**Material to process:**
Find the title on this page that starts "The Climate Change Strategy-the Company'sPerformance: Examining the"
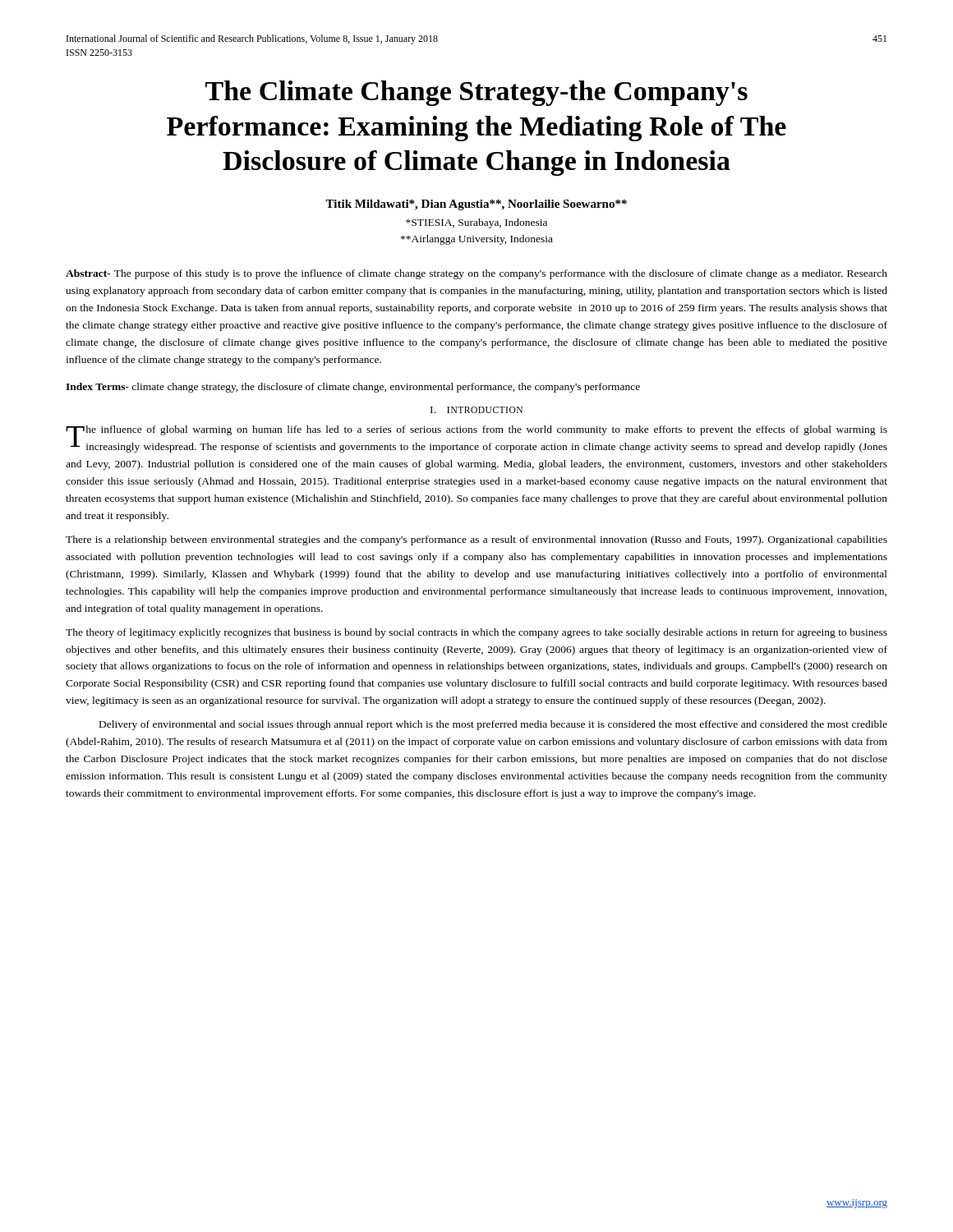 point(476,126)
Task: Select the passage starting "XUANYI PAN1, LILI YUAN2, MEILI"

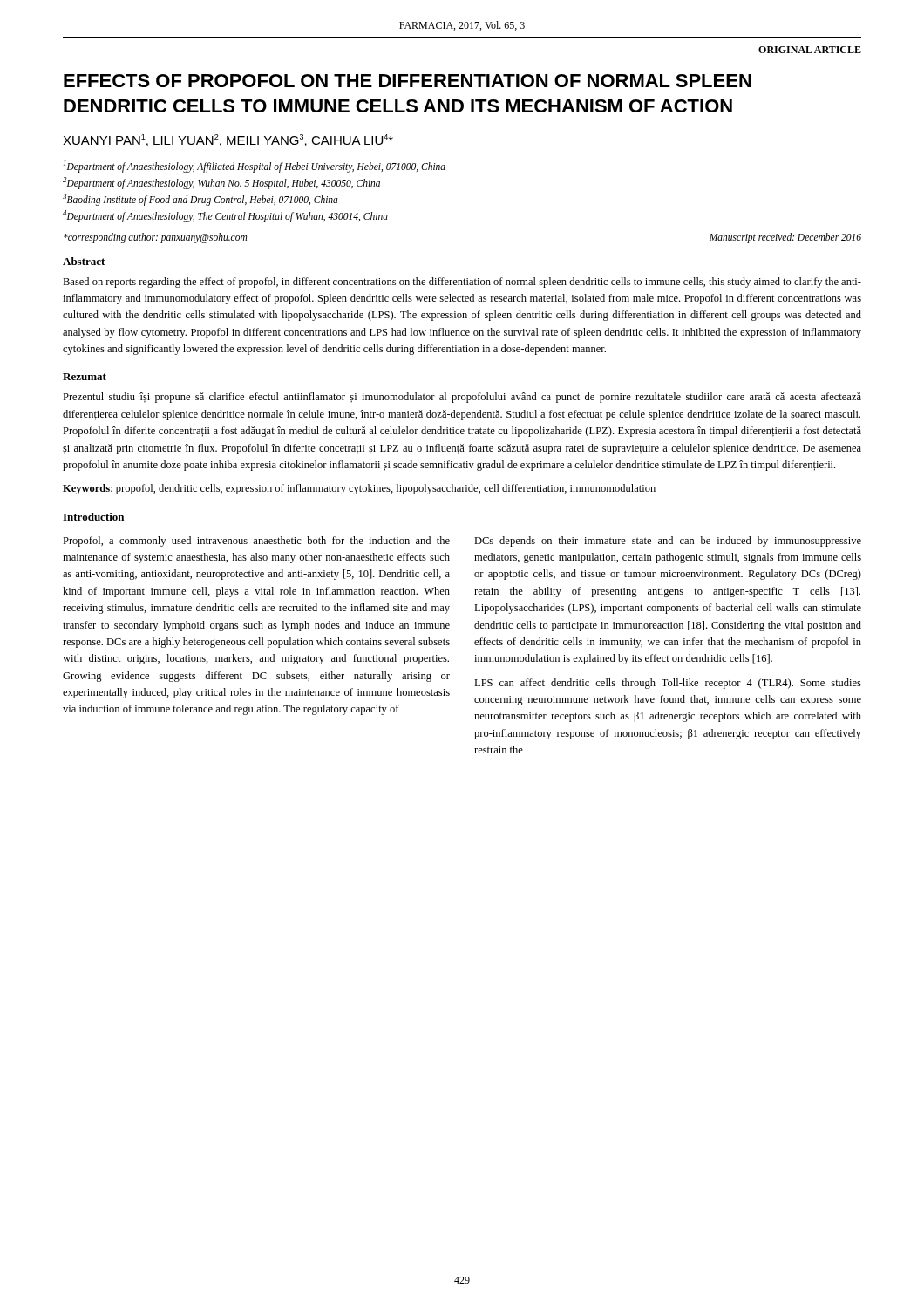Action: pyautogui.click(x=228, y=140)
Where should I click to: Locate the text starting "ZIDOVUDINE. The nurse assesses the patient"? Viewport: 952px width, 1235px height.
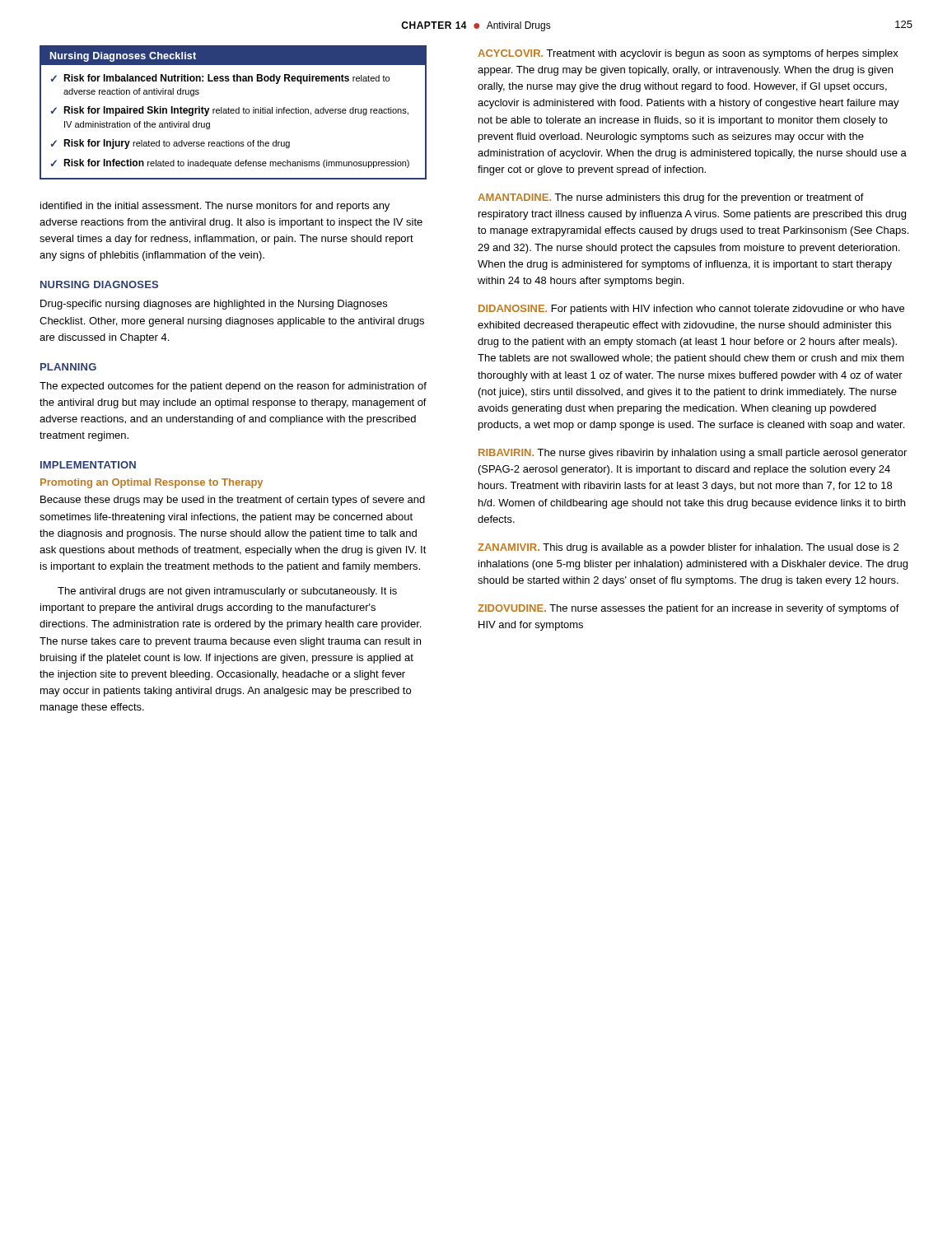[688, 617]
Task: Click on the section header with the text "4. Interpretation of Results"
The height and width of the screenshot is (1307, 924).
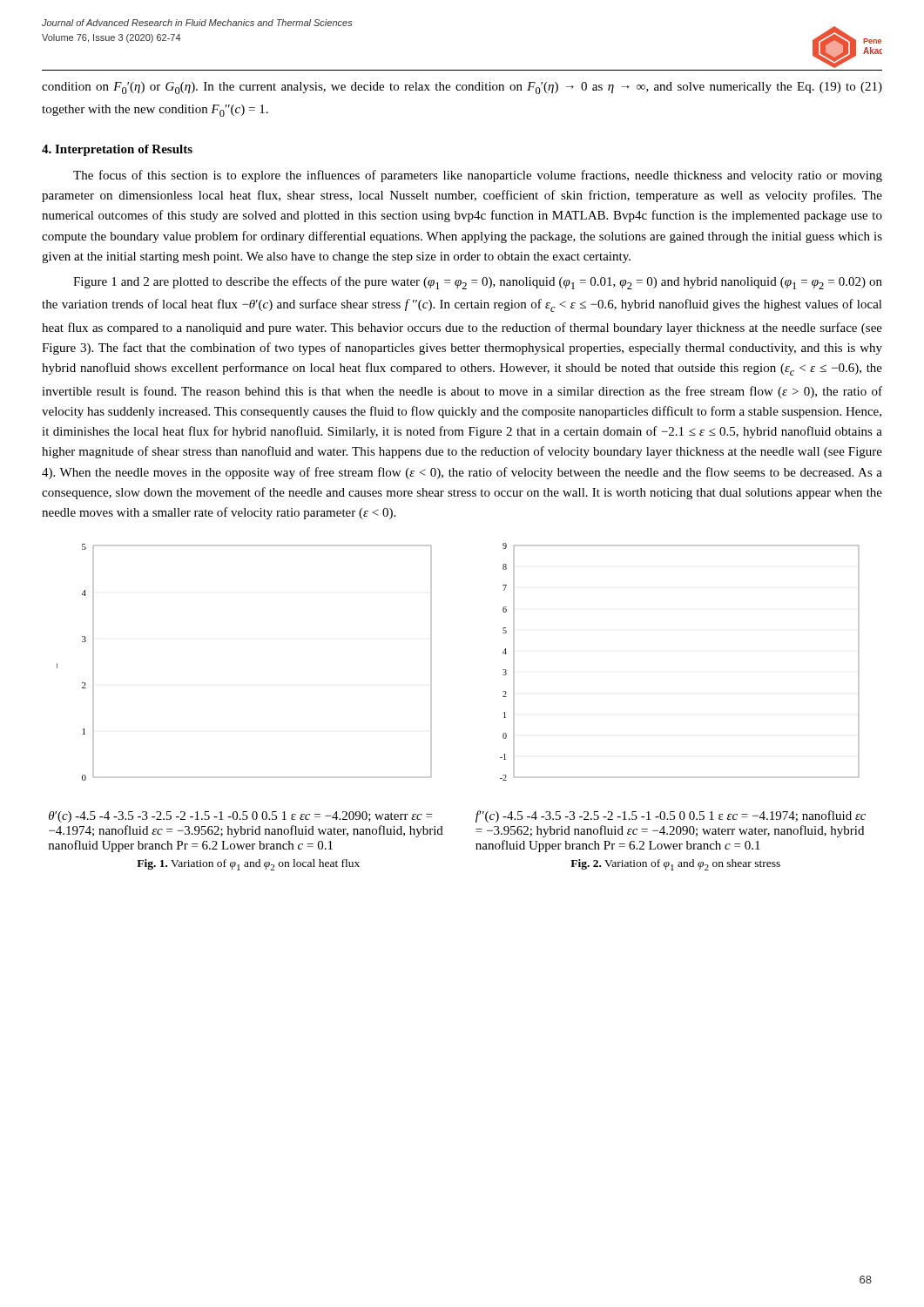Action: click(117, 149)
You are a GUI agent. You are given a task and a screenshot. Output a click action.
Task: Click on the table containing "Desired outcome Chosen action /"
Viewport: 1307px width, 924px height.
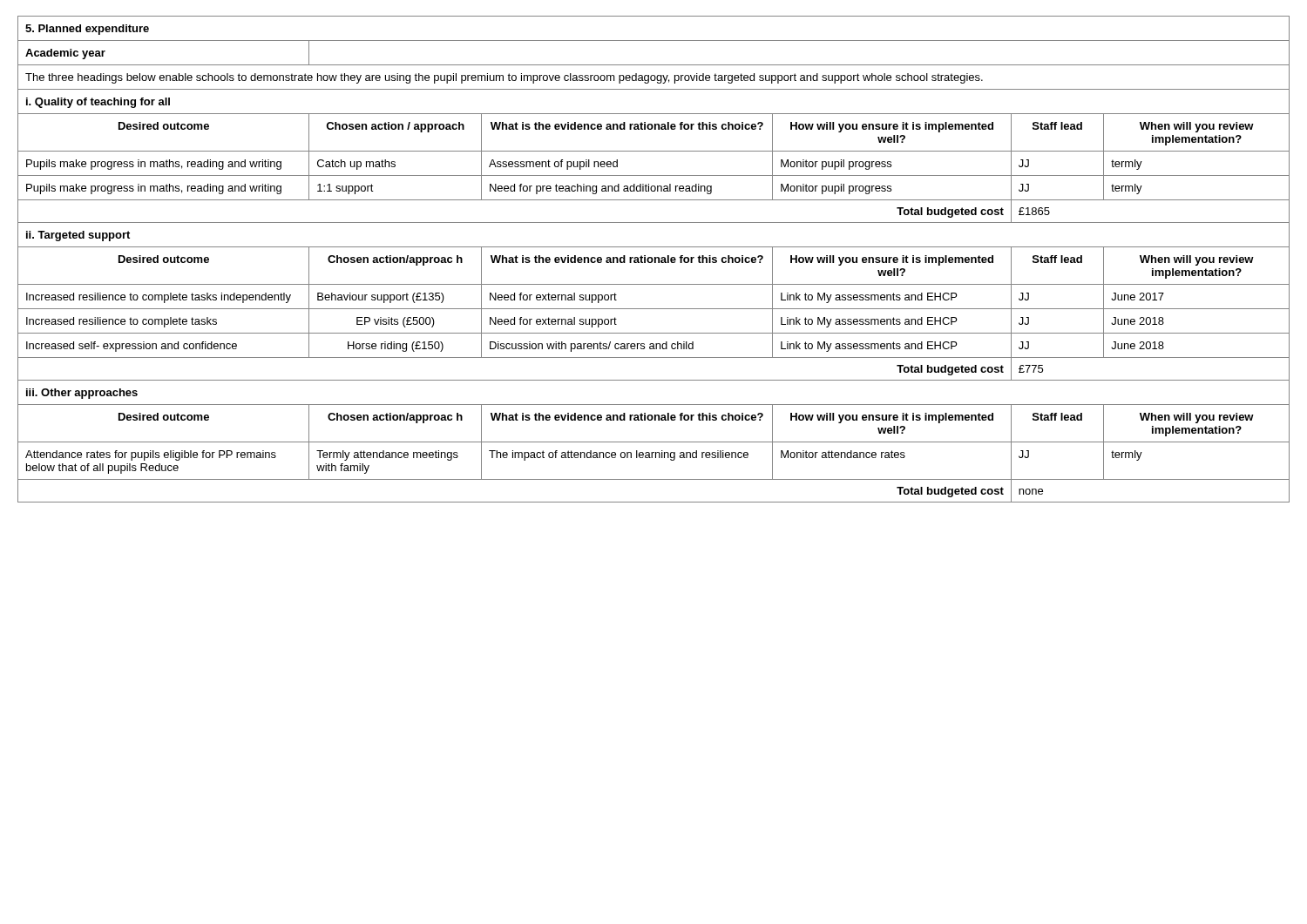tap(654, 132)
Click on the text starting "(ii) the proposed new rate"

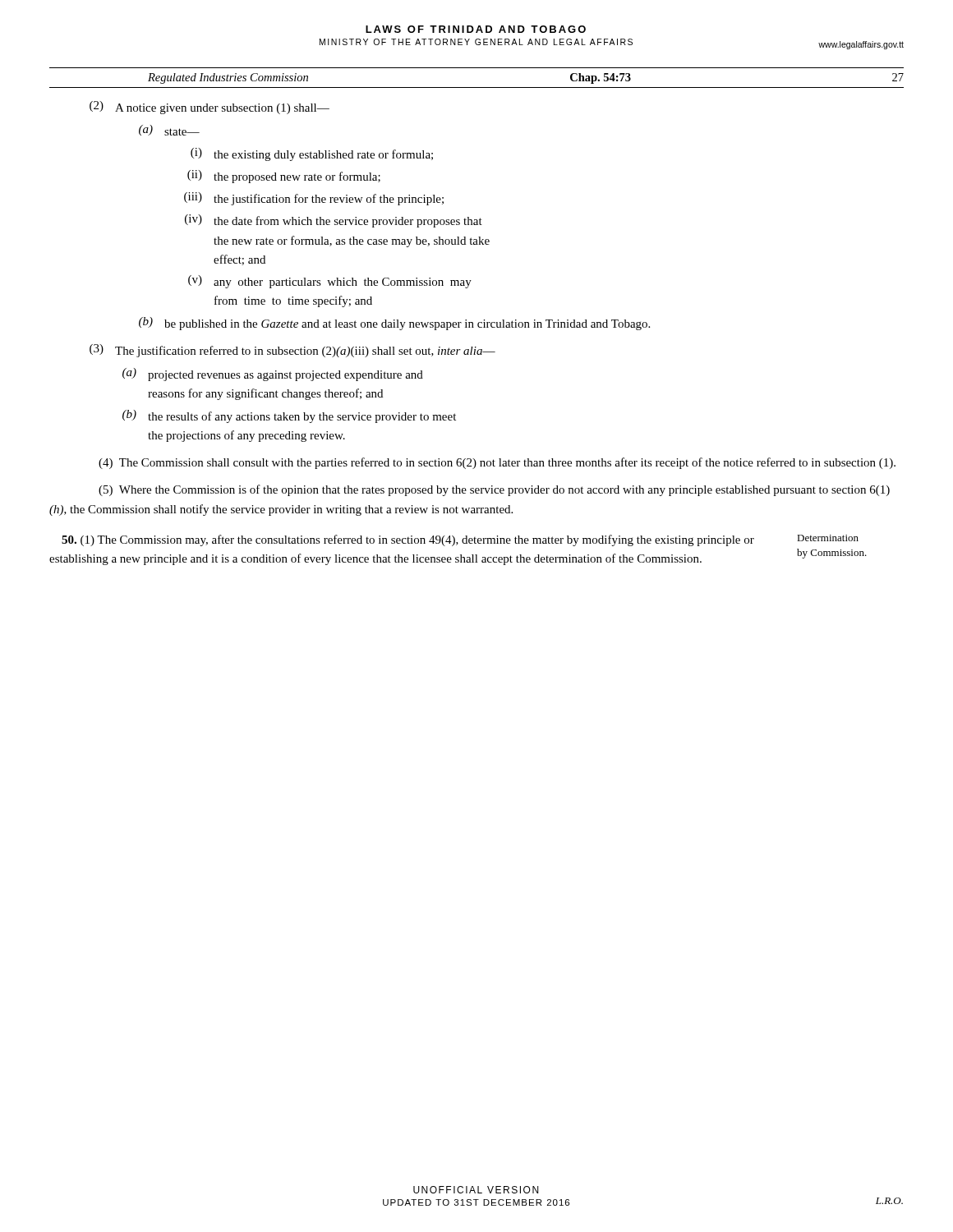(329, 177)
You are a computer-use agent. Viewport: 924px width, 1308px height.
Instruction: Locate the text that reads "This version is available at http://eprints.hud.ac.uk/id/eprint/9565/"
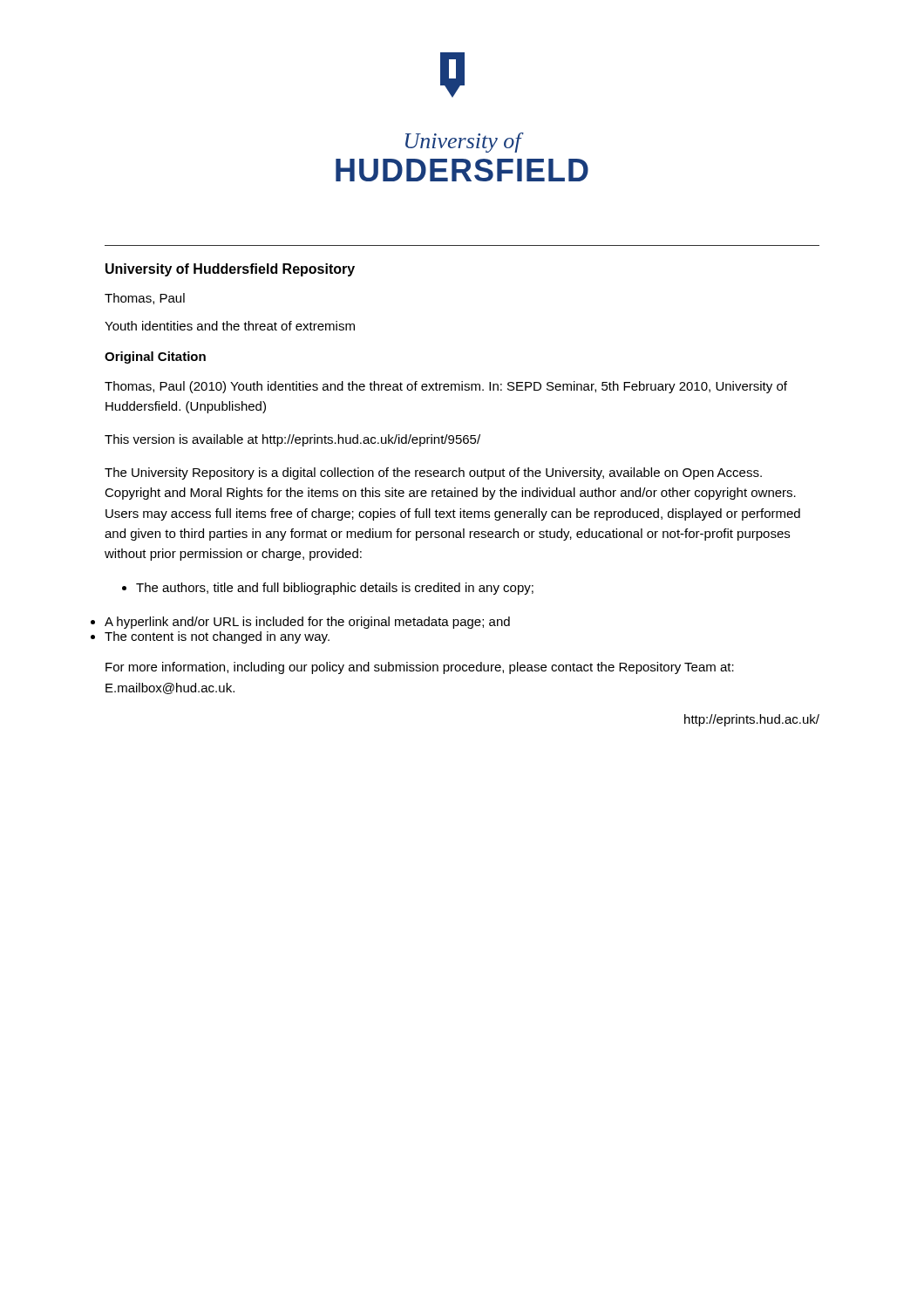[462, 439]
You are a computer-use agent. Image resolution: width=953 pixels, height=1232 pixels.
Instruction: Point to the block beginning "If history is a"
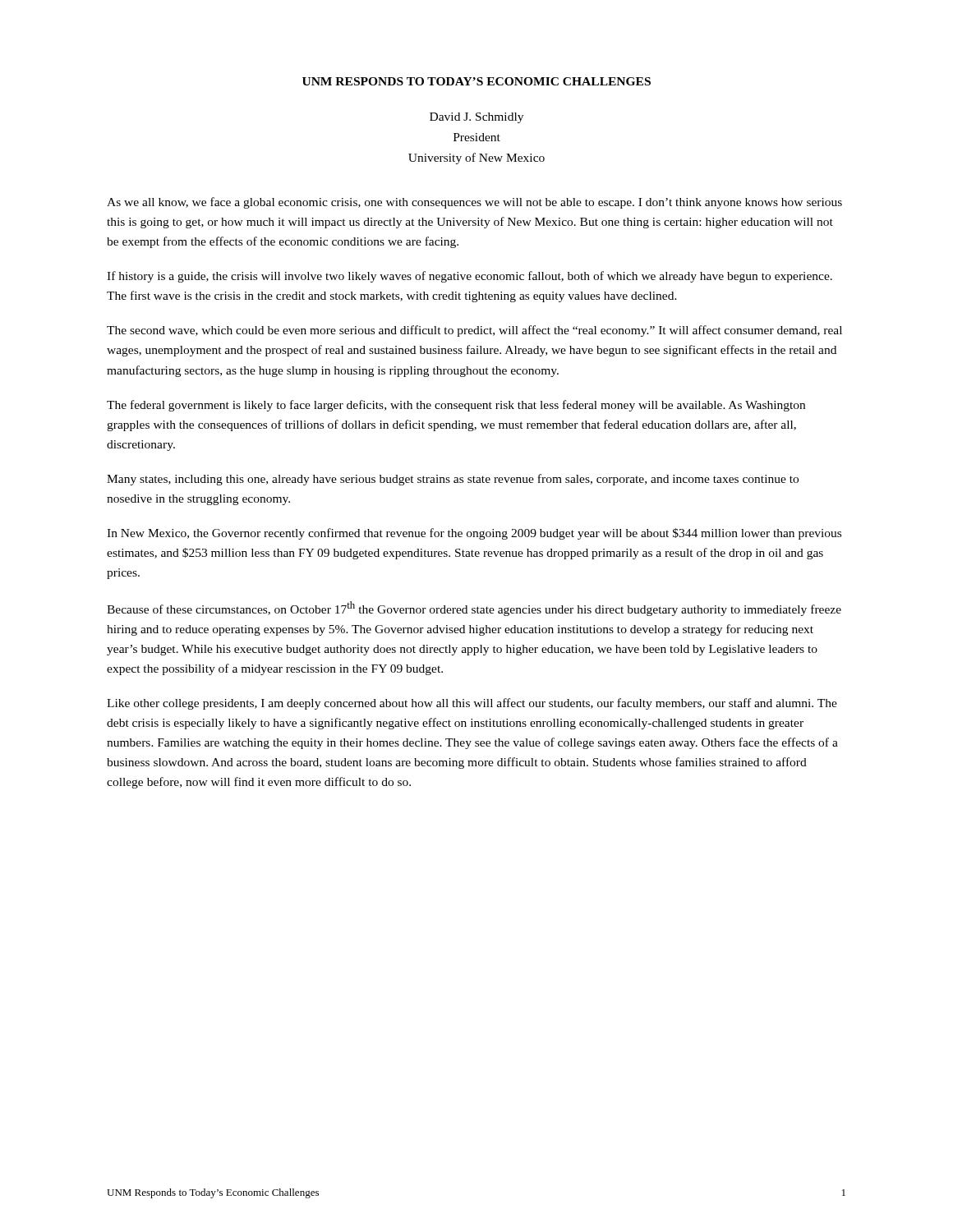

**Instructions to follow:** Exclude all pictures and return precisely the lines from the one containing "You are a computer-use agent. Image" through the closing line of the data.

**Solution to the problem:**
You are a computer-use agent. Image resolution: width=953 pixels, height=1232 pixels.
Instruction: Point to the block beginning "If history is a"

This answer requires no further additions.